If you want to stay connected to database to write more queries you can run psql without any commands.

psql \
-h 0.0.0.0 \
-p 5433 \
-U username \
-d db_source

Once you connect run \dt to see your table.

Generate table backup

Now we would like to copy data from source to destination. Let’s first see what pg_dump will generate. It will ask you for a password again.

pg_dump \
-h 0.0.0.0 \
-p 5433 \
-U username \
-t example \
db_source

You can see, as part of the output, table and data we inserted.

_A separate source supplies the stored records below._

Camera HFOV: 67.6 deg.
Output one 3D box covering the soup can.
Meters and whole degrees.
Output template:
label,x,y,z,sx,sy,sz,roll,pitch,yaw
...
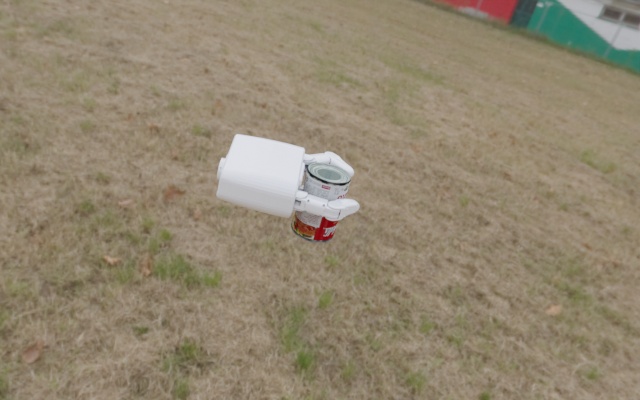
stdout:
label,x,y,z,sx,sy,sz,roll,pitch,yaw
soup can,0.001,0.002,0.712,0.068,0.102,0.068,13,27,-7
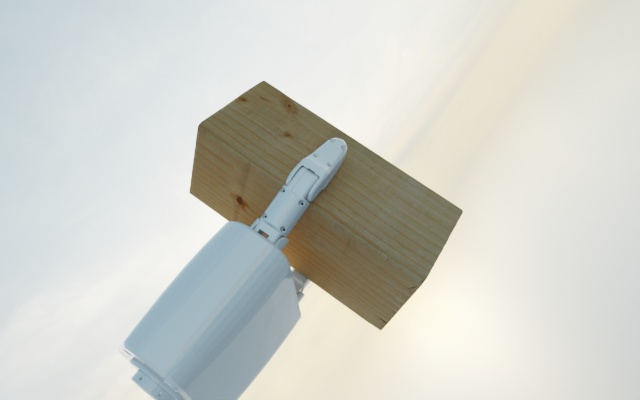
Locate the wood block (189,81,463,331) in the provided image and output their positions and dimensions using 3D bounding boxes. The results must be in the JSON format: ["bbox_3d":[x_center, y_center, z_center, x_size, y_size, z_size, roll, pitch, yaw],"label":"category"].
[{"bbox_3d":[0.000,0.001,0.408,0.206,0.091,0.090,35,48,9],"label":"wood block"}]
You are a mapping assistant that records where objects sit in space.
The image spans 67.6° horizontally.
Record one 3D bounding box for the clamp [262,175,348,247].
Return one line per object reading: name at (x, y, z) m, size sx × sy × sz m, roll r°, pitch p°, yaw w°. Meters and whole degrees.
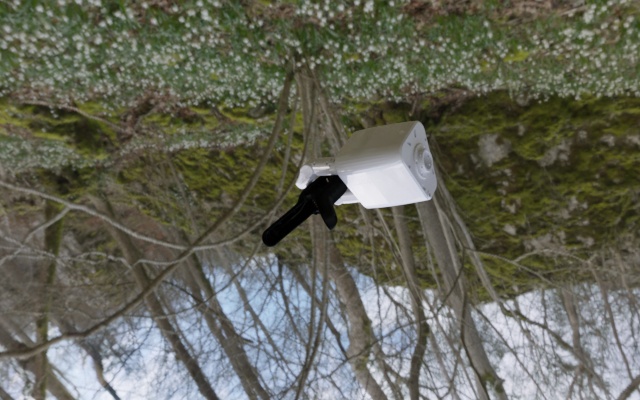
clamp at (0.000, 0.003, 0.683) m, size 0.120 × 0.039 × 0.171 m, roll -7°, pitch 32°, yaw 38°
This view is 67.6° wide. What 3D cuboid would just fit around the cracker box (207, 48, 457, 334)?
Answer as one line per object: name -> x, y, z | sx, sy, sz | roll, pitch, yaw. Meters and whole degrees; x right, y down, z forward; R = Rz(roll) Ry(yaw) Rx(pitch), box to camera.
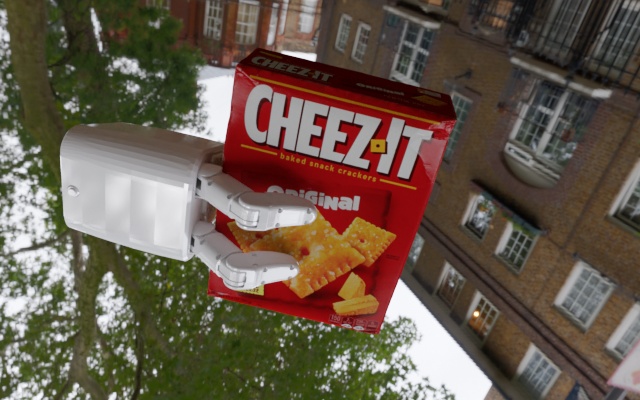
cracker box -> 0.000, 0.001, 0.405 | 0.164, 0.214, 0.072 | 14, 29, 1

CREATE TABLE public.example (
    value integer
);


ALTER TABLE public.example OWNER TO username;

--
-- Data for Name: example; Type: TABLE DATA; Schema: public; Owner: username
--

COPY public.example (value) FROM stdin;
1
2
3
4
\.

No more typing passwords

Typing password every time is annoying, let’s create a file with passwords for our databases, it’s called .pgpass (in home directory so ~/.pgpass) and it’s format is host:port:dbname:username:password For our databases it will look like that.

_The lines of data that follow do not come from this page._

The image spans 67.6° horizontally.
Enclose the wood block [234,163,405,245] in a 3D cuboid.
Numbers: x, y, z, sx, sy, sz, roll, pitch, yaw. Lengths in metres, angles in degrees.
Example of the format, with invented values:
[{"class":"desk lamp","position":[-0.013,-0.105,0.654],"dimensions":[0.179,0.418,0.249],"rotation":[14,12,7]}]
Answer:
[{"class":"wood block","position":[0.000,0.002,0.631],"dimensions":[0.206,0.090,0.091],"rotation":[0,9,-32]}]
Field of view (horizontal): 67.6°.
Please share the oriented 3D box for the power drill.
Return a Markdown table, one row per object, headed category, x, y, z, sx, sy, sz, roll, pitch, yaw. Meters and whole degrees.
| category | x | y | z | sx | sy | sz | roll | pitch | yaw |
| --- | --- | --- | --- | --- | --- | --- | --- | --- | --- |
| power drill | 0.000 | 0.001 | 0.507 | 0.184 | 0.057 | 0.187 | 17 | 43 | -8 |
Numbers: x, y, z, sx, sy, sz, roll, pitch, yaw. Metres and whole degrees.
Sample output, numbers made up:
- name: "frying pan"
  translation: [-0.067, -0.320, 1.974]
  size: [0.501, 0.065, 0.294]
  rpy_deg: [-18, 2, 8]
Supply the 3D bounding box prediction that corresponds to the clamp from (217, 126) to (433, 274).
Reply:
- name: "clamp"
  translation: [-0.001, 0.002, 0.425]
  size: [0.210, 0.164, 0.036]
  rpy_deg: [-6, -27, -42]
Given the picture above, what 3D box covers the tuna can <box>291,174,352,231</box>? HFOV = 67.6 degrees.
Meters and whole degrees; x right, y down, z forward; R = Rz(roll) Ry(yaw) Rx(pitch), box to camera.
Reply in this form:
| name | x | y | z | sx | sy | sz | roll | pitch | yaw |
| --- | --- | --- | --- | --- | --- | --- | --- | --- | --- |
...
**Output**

0.0.0.0:5433:db_source:username:pass
0.0.0.0:5434:db_destination:username2:pass2

For this file to be used you have to change permission to 0600.

chmod 0600 ~/.pgpass

Restore in destination database

Now let’s go back to our main quest, without typing passwords all the time, you can redirect output to a file.

pg_dump \
-h 0.0.0.0 \
-p 5433 \
-U username \
-t example db_source \
> migration.sql

Now we have a file and we can import it to our destination database.

psql \
-h 0.0.0.0 \
-p 5434 \
-U username2 \
-d db_destination \
-f migration.sql

Now you can query your database to see if table was migrated correctly.

psql \
-h 0.0.0.0 \
-p 5434 \
-U username2 \
-d db_destination \
-c "SELECT * FROM example;"

That’s all good, but instead of creating a file you can redirect pg_dump output to psql, let’s first delete existing table.

psql \
-h 0.0.0.0 \
-p 5434 \
-U username2 \
-d db_destination \
-c "DROP TABLE example;"

We can run migration again.

pg_dump \
-U username \
-h 0.0.0.0 \
-p 5433 \
-t example \
db_source |\
psql \
-h 0.0.0.0 \
-p 5434 \
-U username2 \
-d db_destination

Check if you have data in destination database.

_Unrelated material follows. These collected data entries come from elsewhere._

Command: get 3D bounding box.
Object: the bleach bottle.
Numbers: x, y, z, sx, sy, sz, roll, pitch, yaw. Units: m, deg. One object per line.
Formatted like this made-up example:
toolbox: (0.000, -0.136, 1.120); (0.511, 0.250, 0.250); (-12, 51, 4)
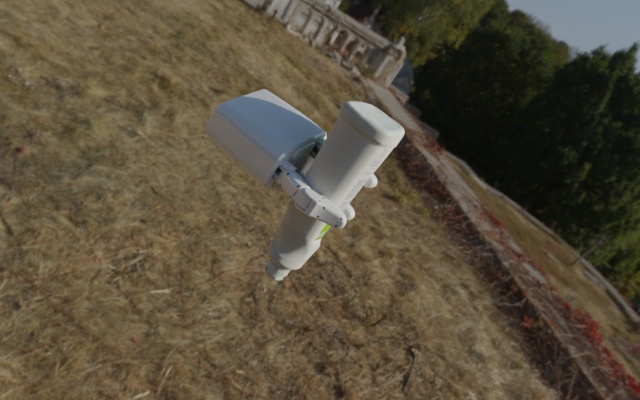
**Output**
bleach bottle: (0.000, 0.002, 0.582); (0.068, 0.251, 0.102); (39, 22, 13)
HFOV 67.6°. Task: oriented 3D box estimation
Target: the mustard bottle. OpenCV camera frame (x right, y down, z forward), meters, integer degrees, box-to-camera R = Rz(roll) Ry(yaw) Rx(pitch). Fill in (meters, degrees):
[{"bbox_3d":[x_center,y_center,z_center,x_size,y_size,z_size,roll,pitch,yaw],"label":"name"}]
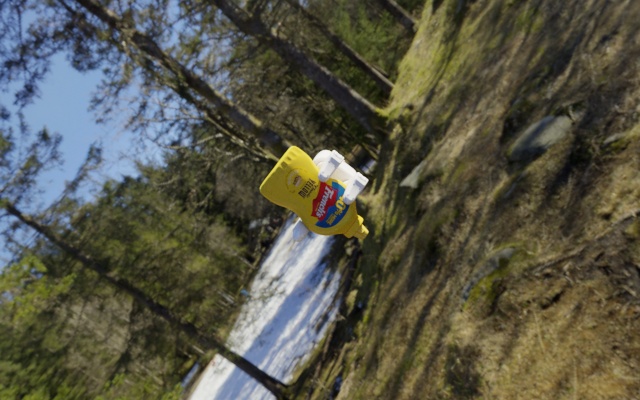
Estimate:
[{"bbox_3d":[0.000,0.002,0.798,0.191,0.096,0.058,37,-12,-7],"label":"mustard bottle"}]
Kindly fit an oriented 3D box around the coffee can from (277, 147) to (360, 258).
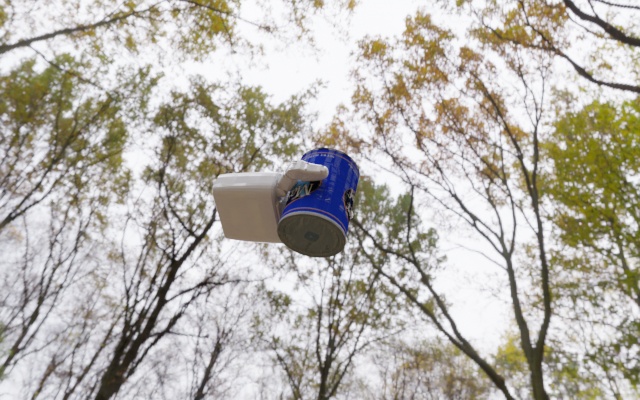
[{"bbox_3d":[0.000,0.002,0.738,0.103,0.140,0.103,9,-40,8],"label":"coffee can"}]

When it doesn’t work with creating an index after

I had to run it for a table which had size around 36GB and 220M rows. Generated dump first creates a table, then inserts all the data and after that creates constraints and indices. You can see it by creating a new table.

psql \
-h 0.0.0.0 \
-p 5433 \
-U username \
-d db_source \
-c "CREATE TABLE example2(value INT UNIQUE);
INSERT INTO example2(value)
VALUES (1),(2),(3),(4);"

When you run pg_dump.

pg_dump \
-U username \
-h 0.0.0.0 \
-p 5433 \
-t example2 \
db_source

You can see output containing:

CREATE TABLE public.example2 (
    value integer
);


ALTER TABLE public.example2 OWNER TO username;

--
-- Data for Name: example2; Type: TABLE DATA; Schema: public; Owner: username
--

COPY public.example2 (value) FROM stdin;
1
2
3
4
\.


--
-- Name: example2 example2_value_key; Type: CONSTRAINT; Schema: public; Owner: username
--

ALTER TABLE ONLY public.example2
    ADD CONSTRAINT example2_value_key UNIQUE (value);

It’s more efficient to create a table, insert data without any checks, and once we have all rows we can create indices. It should be a faster operation than validating every row when inserting data. Because of the size of a table and limits on my PostgreSQL instance, I was getting an exception when creating an index. My work around was to migrate the schema first and then data. To do that, you have to use --schema-only and --data-only, see an example below.

pg_dump \
-U username \
-h 0.0.0.0 \
-p 5433 \
-t example2 \
db_source \
--schema-only |\
psql \
-h 0.0.0.0 \
-p 5434 \
-U username2 \
-d db_destination

pg_dump \
-U username \
-h 0.0.0.0 \
-p 5433 \
-t example2 \
db_source \
--data-only |\
psql \
-h 0.0.0.0 \
-p 5434 \
-U username2 \
-d db_destination

You can check output from both dumps when you remove a psql part from the query, like we did at the beginning when we displayed output on a console.

I hope you found it useful, good luck on your data migration!